Records supplied START

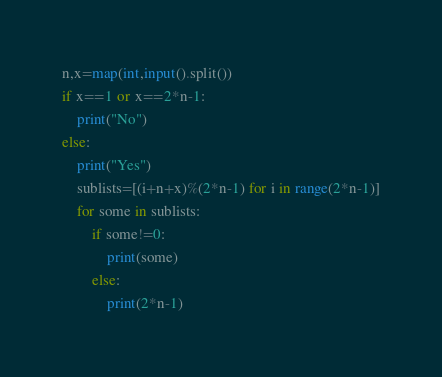Convert code to text. <code><loc_0><loc_0><loc_500><loc_500><_Python_>n,x=map(int,input().split())
if x==1 or x==2*n-1:
    print("No")
else:
    print("Yes")
    sublists=[(i+n+x)%(2*n-1) for i in range(2*n-1)]
    for some in sublists:
        if some!=0:
            print(some)
        else:
            print(2*n-1)</code> 
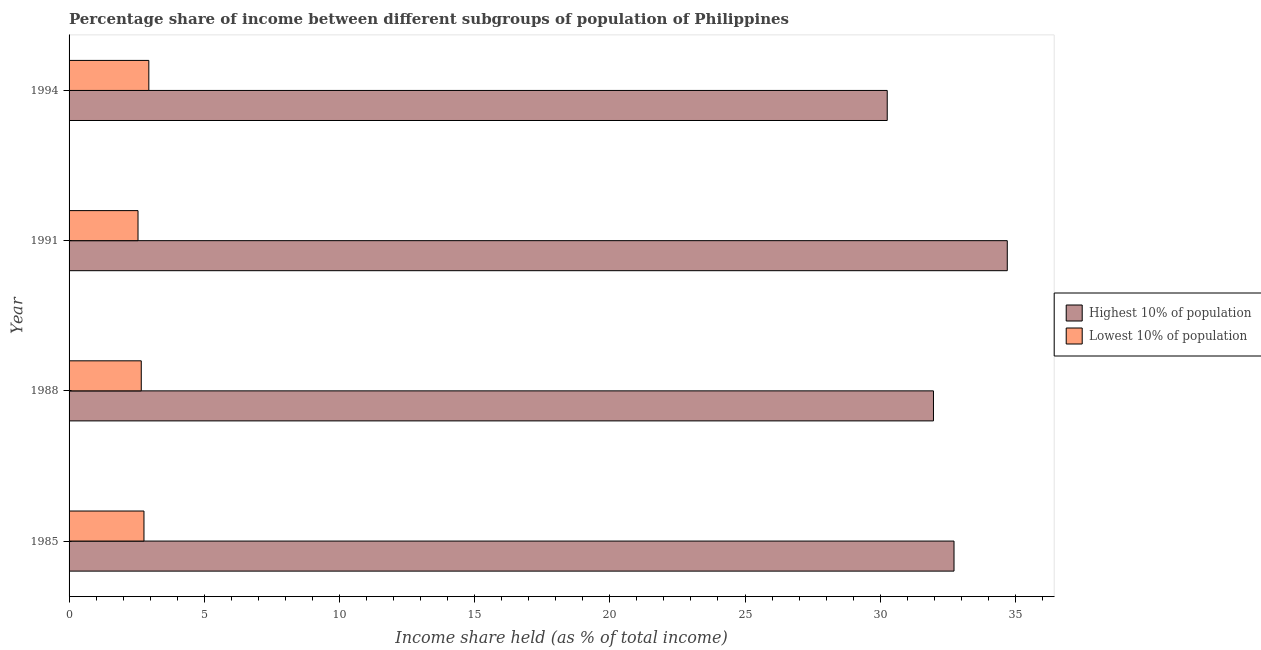How many groups of bars are there?
Make the answer very short. 4. Are the number of bars on each tick of the Y-axis equal?
Provide a succinct answer. Yes. How many bars are there on the 1st tick from the bottom?
Your answer should be compact. 2. What is the income share held by lowest 10% of the population in 1994?
Offer a terse response. 2.95. Across all years, what is the maximum income share held by highest 10% of the population?
Offer a terse response. 34.7. Across all years, what is the minimum income share held by lowest 10% of the population?
Provide a succinct answer. 2.55. In which year was the income share held by lowest 10% of the population minimum?
Offer a terse response. 1991. What is the total income share held by lowest 10% of the population in the graph?
Your answer should be compact. 10.94. What is the difference between the income share held by highest 10% of the population in 1985 and that in 1991?
Your response must be concise. -1.97. What is the difference between the income share held by lowest 10% of the population in 1991 and the income share held by highest 10% of the population in 1994?
Make the answer very short. -27.71. What is the average income share held by lowest 10% of the population per year?
Ensure brevity in your answer.  2.73. In the year 1988, what is the difference between the income share held by lowest 10% of the population and income share held by highest 10% of the population?
Your answer should be very brief. -29.3. In how many years, is the income share held by highest 10% of the population greater than 33 %?
Give a very brief answer. 1. What is the ratio of the income share held by lowest 10% of the population in 1988 to that in 1991?
Keep it short and to the point. 1.05. Is the difference between the income share held by lowest 10% of the population in 1988 and 1991 greater than the difference between the income share held by highest 10% of the population in 1988 and 1991?
Provide a succinct answer. Yes. What is the difference between the highest and the second highest income share held by highest 10% of the population?
Provide a succinct answer. 1.97. What is the difference between the highest and the lowest income share held by lowest 10% of the population?
Keep it short and to the point. 0.4. What does the 1st bar from the top in 1985 represents?
Provide a succinct answer. Lowest 10% of population. What does the 1st bar from the bottom in 1988 represents?
Offer a terse response. Highest 10% of population. Are all the bars in the graph horizontal?
Provide a succinct answer. Yes. How many years are there in the graph?
Keep it short and to the point. 4. Are the values on the major ticks of X-axis written in scientific E-notation?
Provide a succinct answer. No. Does the graph contain any zero values?
Your answer should be compact. No. Does the graph contain grids?
Offer a terse response. No. How are the legend labels stacked?
Your answer should be compact. Vertical. What is the title of the graph?
Keep it short and to the point. Percentage share of income between different subgroups of population of Philippines. What is the label or title of the X-axis?
Offer a terse response. Income share held (as % of total income). What is the Income share held (as % of total income) in Highest 10% of population in 1985?
Offer a very short reply. 32.73. What is the Income share held (as % of total income) in Lowest 10% of population in 1985?
Give a very brief answer. 2.77. What is the Income share held (as % of total income) of Highest 10% of population in 1988?
Give a very brief answer. 31.97. What is the Income share held (as % of total income) in Lowest 10% of population in 1988?
Provide a succinct answer. 2.67. What is the Income share held (as % of total income) in Highest 10% of population in 1991?
Your answer should be very brief. 34.7. What is the Income share held (as % of total income) in Lowest 10% of population in 1991?
Offer a terse response. 2.55. What is the Income share held (as % of total income) in Highest 10% of population in 1994?
Offer a very short reply. 30.26. What is the Income share held (as % of total income) in Lowest 10% of population in 1994?
Provide a short and direct response. 2.95. Across all years, what is the maximum Income share held (as % of total income) of Highest 10% of population?
Provide a succinct answer. 34.7. Across all years, what is the maximum Income share held (as % of total income) of Lowest 10% of population?
Make the answer very short. 2.95. Across all years, what is the minimum Income share held (as % of total income) in Highest 10% of population?
Ensure brevity in your answer.  30.26. Across all years, what is the minimum Income share held (as % of total income) of Lowest 10% of population?
Your answer should be compact. 2.55. What is the total Income share held (as % of total income) of Highest 10% of population in the graph?
Offer a terse response. 129.66. What is the total Income share held (as % of total income) of Lowest 10% of population in the graph?
Make the answer very short. 10.94. What is the difference between the Income share held (as % of total income) in Highest 10% of population in 1985 and that in 1988?
Your answer should be very brief. 0.76. What is the difference between the Income share held (as % of total income) of Highest 10% of population in 1985 and that in 1991?
Keep it short and to the point. -1.97. What is the difference between the Income share held (as % of total income) of Lowest 10% of population in 1985 and that in 1991?
Give a very brief answer. 0.22. What is the difference between the Income share held (as % of total income) of Highest 10% of population in 1985 and that in 1994?
Offer a very short reply. 2.47. What is the difference between the Income share held (as % of total income) of Lowest 10% of population in 1985 and that in 1994?
Ensure brevity in your answer.  -0.18. What is the difference between the Income share held (as % of total income) in Highest 10% of population in 1988 and that in 1991?
Make the answer very short. -2.73. What is the difference between the Income share held (as % of total income) in Lowest 10% of population in 1988 and that in 1991?
Your answer should be compact. 0.12. What is the difference between the Income share held (as % of total income) of Highest 10% of population in 1988 and that in 1994?
Your response must be concise. 1.71. What is the difference between the Income share held (as % of total income) of Lowest 10% of population in 1988 and that in 1994?
Ensure brevity in your answer.  -0.28. What is the difference between the Income share held (as % of total income) in Highest 10% of population in 1991 and that in 1994?
Provide a short and direct response. 4.44. What is the difference between the Income share held (as % of total income) of Lowest 10% of population in 1991 and that in 1994?
Offer a terse response. -0.4. What is the difference between the Income share held (as % of total income) in Highest 10% of population in 1985 and the Income share held (as % of total income) in Lowest 10% of population in 1988?
Your response must be concise. 30.06. What is the difference between the Income share held (as % of total income) in Highest 10% of population in 1985 and the Income share held (as % of total income) in Lowest 10% of population in 1991?
Offer a very short reply. 30.18. What is the difference between the Income share held (as % of total income) in Highest 10% of population in 1985 and the Income share held (as % of total income) in Lowest 10% of population in 1994?
Offer a terse response. 29.78. What is the difference between the Income share held (as % of total income) in Highest 10% of population in 1988 and the Income share held (as % of total income) in Lowest 10% of population in 1991?
Make the answer very short. 29.42. What is the difference between the Income share held (as % of total income) of Highest 10% of population in 1988 and the Income share held (as % of total income) of Lowest 10% of population in 1994?
Keep it short and to the point. 29.02. What is the difference between the Income share held (as % of total income) of Highest 10% of population in 1991 and the Income share held (as % of total income) of Lowest 10% of population in 1994?
Ensure brevity in your answer.  31.75. What is the average Income share held (as % of total income) in Highest 10% of population per year?
Make the answer very short. 32.41. What is the average Income share held (as % of total income) in Lowest 10% of population per year?
Offer a terse response. 2.73. In the year 1985, what is the difference between the Income share held (as % of total income) of Highest 10% of population and Income share held (as % of total income) of Lowest 10% of population?
Give a very brief answer. 29.96. In the year 1988, what is the difference between the Income share held (as % of total income) in Highest 10% of population and Income share held (as % of total income) in Lowest 10% of population?
Keep it short and to the point. 29.3. In the year 1991, what is the difference between the Income share held (as % of total income) in Highest 10% of population and Income share held (as % of total income) in Lowest 10% of population?
Make the answer very short. 32.15. In the year 1994, what is the difference between the Income share held (as % of total income) of Highest 10% of population and Income share held (as % of total income) of Lowest 10% of population?
Provide a short and direct response. 27.31. What is the ratio of the Income share held (as % of total income) in Highest 10% of population in 1985 to that in 1988?
Your answer should be compact. 1.02. What is the ratio of the Income share held (as % of total income) of Lowest 10% of population in 1985 to that in 1988?
Provide a short and direct response. 1.04. What is the ratio of the Income share held (as % of total income) in Highest 10% of population in 1985 to that in 1991?
Keep it short and to the point. 0.94. What is the ratio of the Income share held (as % of total income) in Lowest 10% of population in 1985 to that in 1991?
Give a very brief answer. 1.09. What is the ratio of the Income share held (as % of total income) in Highest 10% of population in 1985 to that in 1994?
Offer a very short reply. 1.08. What is the ratio of the Income share held (as % of total income) in Lowest 10% of population in 1985 to that in 1994?
Your answer should be very brief. 0.94. What is the ratio of the Income share held (as % of total income) of Highest 10% of population in 1988 to that in 1991?
Make the answer very short. 0.92. What is the ratio of the Income share held (as % of total income) in Lowest 10% of population in 1988 to that in 1991?
Make the answer very short. 1.05. What is the ratio of the Income share held (as % of total income) in Highest 10% of population in 1988 to that in 1994?
Your answer should be compact. 1.06. What is the ratio of the Income share held (as % of total income) of Lowest 10% of population in 1988 to that in 1994?
Ensure brevity in your answer.  0.91. What is the ratio of the Income share held (as % of total income) in Highest 10% of population in 1991 to that in 1994?
Keep it short and to the point. 1.15. What is the ratio of the Income share held (as % of total income) of Lowest 10% of population in 1991 to that in 1994?
Offer a very short reply. 0.86. What is the difference between the highest and the second highest Income share held (as % of total income) of Highest 10% of population?
Give a very brief answer. 1.97. What is the difference between the highest and the second highest Income share held (as % of total income) of Lowest 10% of population?
Your answer should be compact. 0.18. What is the difference between the highest and the lowest Income share held (as % of total income) of Highest 10% of population?
Your answer should be very brief. 4.44. What is the difference between the highest and the lowest Income share held (as % of total income) of Lowest 10% of population?
Your response must be concise. 0.4.

Records supplied END

• _What this task involves_: All that is wanted is the stretch of lines above from the one containing "Provide a succinct answer. Yes. How many years" through the one containing "Offer a terse response. Income", duplicated exactly.

• _Written reply_:
Provide a succinct answer. Yes. How many years are there in the graph?
Keep it short and to the point. 4. Are the values on the major ticks of X-axis written in scientific E-notation?
Provide a succinct answer. No. Does the graph contain any zero values?
Your answer should be compact. No. Does the graph contain grids?
Offer a terse response. No. How are the legend labels stacked?
Your answer should be compact. Vertical. What is the title of the graph?
Keep it short and to the point. Percentage share of income between different subgroups of population of Philippines. What is the label or title of the X-axis?
Offer a terse response. Income share held (as % of total income). What is the Income share held (as % of total income) in Highest 10% of population in 1985?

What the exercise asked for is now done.